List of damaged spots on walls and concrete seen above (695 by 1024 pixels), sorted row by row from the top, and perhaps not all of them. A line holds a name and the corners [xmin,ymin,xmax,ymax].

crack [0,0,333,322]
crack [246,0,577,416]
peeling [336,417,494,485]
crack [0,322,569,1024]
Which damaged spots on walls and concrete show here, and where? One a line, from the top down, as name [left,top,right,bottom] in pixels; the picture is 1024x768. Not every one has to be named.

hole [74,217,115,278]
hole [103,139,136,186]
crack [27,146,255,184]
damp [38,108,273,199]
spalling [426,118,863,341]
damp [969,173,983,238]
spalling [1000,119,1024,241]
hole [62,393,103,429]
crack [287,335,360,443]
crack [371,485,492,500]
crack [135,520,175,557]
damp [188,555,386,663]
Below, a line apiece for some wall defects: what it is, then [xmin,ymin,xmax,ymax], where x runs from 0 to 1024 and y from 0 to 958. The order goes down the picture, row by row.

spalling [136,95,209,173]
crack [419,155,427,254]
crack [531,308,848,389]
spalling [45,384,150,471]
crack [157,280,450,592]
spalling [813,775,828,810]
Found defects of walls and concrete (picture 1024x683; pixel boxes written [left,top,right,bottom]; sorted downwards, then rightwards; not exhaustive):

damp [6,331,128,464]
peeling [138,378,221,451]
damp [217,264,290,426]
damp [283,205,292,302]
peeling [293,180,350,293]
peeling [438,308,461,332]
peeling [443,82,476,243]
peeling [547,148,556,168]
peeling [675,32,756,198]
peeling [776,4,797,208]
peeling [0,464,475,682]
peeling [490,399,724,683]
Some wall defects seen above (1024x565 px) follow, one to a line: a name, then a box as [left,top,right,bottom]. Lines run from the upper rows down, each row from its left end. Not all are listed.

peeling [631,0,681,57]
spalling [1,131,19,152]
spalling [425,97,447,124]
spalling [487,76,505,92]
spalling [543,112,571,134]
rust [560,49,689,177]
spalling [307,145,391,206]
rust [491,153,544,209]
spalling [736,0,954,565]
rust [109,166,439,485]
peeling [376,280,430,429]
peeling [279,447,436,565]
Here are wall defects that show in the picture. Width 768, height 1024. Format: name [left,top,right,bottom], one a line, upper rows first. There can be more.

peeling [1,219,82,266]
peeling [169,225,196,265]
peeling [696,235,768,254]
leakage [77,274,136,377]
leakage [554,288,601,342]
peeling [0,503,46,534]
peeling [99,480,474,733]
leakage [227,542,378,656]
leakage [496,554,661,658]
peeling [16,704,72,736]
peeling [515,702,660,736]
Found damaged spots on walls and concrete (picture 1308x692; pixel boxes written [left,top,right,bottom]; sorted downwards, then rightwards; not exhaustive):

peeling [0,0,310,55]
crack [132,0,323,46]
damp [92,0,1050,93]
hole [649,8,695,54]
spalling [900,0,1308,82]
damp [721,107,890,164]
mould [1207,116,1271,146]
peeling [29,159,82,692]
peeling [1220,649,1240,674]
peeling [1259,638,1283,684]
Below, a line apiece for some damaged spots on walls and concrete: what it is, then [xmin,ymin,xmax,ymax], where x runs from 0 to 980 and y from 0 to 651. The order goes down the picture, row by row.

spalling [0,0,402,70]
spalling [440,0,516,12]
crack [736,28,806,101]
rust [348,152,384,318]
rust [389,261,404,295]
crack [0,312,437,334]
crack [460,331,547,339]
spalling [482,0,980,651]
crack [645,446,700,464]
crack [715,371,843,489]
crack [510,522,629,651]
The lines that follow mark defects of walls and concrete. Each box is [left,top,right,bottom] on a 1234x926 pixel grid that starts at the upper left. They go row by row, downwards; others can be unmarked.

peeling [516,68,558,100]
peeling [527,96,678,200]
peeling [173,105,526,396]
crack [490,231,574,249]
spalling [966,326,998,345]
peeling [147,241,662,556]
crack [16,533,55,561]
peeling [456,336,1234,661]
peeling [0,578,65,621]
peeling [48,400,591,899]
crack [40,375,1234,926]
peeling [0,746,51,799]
########
**WORK INSTRUCTION**
Restate the full material word for word.

**SOLUTION TO THE PROBLEM**
List of damaged spots on walls and concrete seen above (695 by 1024 pixels), sorted row by row from the top, and perhaps not all of them. A line holds a name and the corners [xmin,ymin,xmax,ymax].

crack [0,0,333,322]
crack [246,0,577,416]
peeling [336,417,494,485]
crack [0,322,569,1024]
Which damaged spots on walls and concrete show here, and where? One a line, from the top down, as name [left,top,right,bottom] in pixels; the picture is 1024x768. Not every one has to be named.

hole [74,217,115,278]
hole [103,139,136,186]
crack [27,146,255,184]
damp [38,108,273,199]
spalling [426,118,863,341]
damp [969,173,983,238]
spalling [1000,119,1024,241]
hole [62,393,103,429]
crack [287,335,360,443]
crack [371,485,492,500]
crack [135,520,175,557]
damp [188,555,386,663]
Below, a line apiece for some wall defects: what it is, then [xmin,ymin,xmax,ymax], where x runs from 0 to 1024 and y from 0 to 958. The order goes down the picture, row by row.

spalling [136,95,209,173]
crack [419,155,427,254]
crack [531,308,848,389]
spalling [45,384,150,471]
crack [157,280,450,592]
spalling [813,775,828,810]
Found defects of walls and concrete (picture 1024x683; pixel boxes written [left,top,right,bottom]; sorted downwards, then rightwards; not exhaustive):

damp [6,331,128,464]
peeling [138,378,221,451]
damp [217,264,290,426]
damp [283,205,292,302]
peeling [293,180,350,293]
peeling [438,308,461,332]
peeling [443,82,476,243]
peeling [547,148,556,168]
peeling [675,32,756,198]
peeling [776,4,797,208]
peeling [0,464,475,682]
peeling [490,399,724,683]
Some wall defects seen above (1024x565 px) follow, one to a line: a name, then a box as [left,top,right,bottom]. Lines run from the upper rows down, each row from its left end. Not all are listed.

peeling [631,0,681,57]
spalling [1,131,19,152]
spalling [425,97,447,124]
spalling [487,76,505,92]
spalling [543,112,571,134]
rust [560,49,689,177]
spalling [307,145,391,206]
rust [491,153,544,209]
spalling [736,0,954,565]
rust [109,166,439,485]
peeling [376,280,430,429]
peeling [279,447,436,565]
Here are wall defects that show in the picture. Width 768, height 1024. Format: name [left,top,right,bottom], one a line, upper rows first. There can be more.

peeling [1,219,82,266]
peeling [169,225,196,265]
peeling [696,235,768,254]
leakage [77,274,136,377]
leakage [554,288,601,342]
peeling [0,503,46,534]
peeling [99,480,474,733]
leakage [227,542,378,656]
leakage [496,554,661,658]
peeling [16,704,72,736]
peeling [515,702,660,736]
Found damaged spots on walls and concrete (picture 1308x692; pixel boxes written [left,top,right,bottom]; sorted downwards, then rightwards; not exhaustive):

peeling [0,0,310,55]
crack [132,0,323,46]
damp [92,0,1050,93]
hole [649,8,695,54]
spalling [900,0,1308,82]
damp [721,107,890,164]
mould [1207,116,1271,146]
peeling [29,159,82,692]
peeling [1220,649,1240,674]
peeling [1259,638,1283,684]
Below, a line apiece for some damaged spots on walls and concrete: what it is, then [xmin,ymin,xmax,ymax], where x runs from 0 to 980 and y from 0 to 651. The order goes down the picture, row by row.

spalling [0,0,402,70]
spalling [440,0,516,12]
crack [736,28,806,101]
rust [348,152,384,318]
rust [389,261,404,295]
crack [0,312,437,334]
crack [460,331,547,339]
spalling [482,0,980,651]
crack [645,446,700,464]
crack [715,371,843,489]
crack [510,522,629,651]
The lines that follow mark defects of walls and concrete. Each box is [left,top,right,bottom] on a 1234x926 pixel grid that starts at the upper left. They go row by row, downwards; others can be unmarked.

peeling [516,68,558,100]
peeling [527,96,678,200]
peeling [173,105,526,396]
crack [490,231,574,249]
spalling [966,326,998,345]
peeling [147,241,662,556]
crack [16,533,55,561]
peeling [456,336,1234,661]
peeling [0,578,65,621]
peeling [48,400,591,899]
crack [40,375,1234,926]
peeling [0,746,51,799]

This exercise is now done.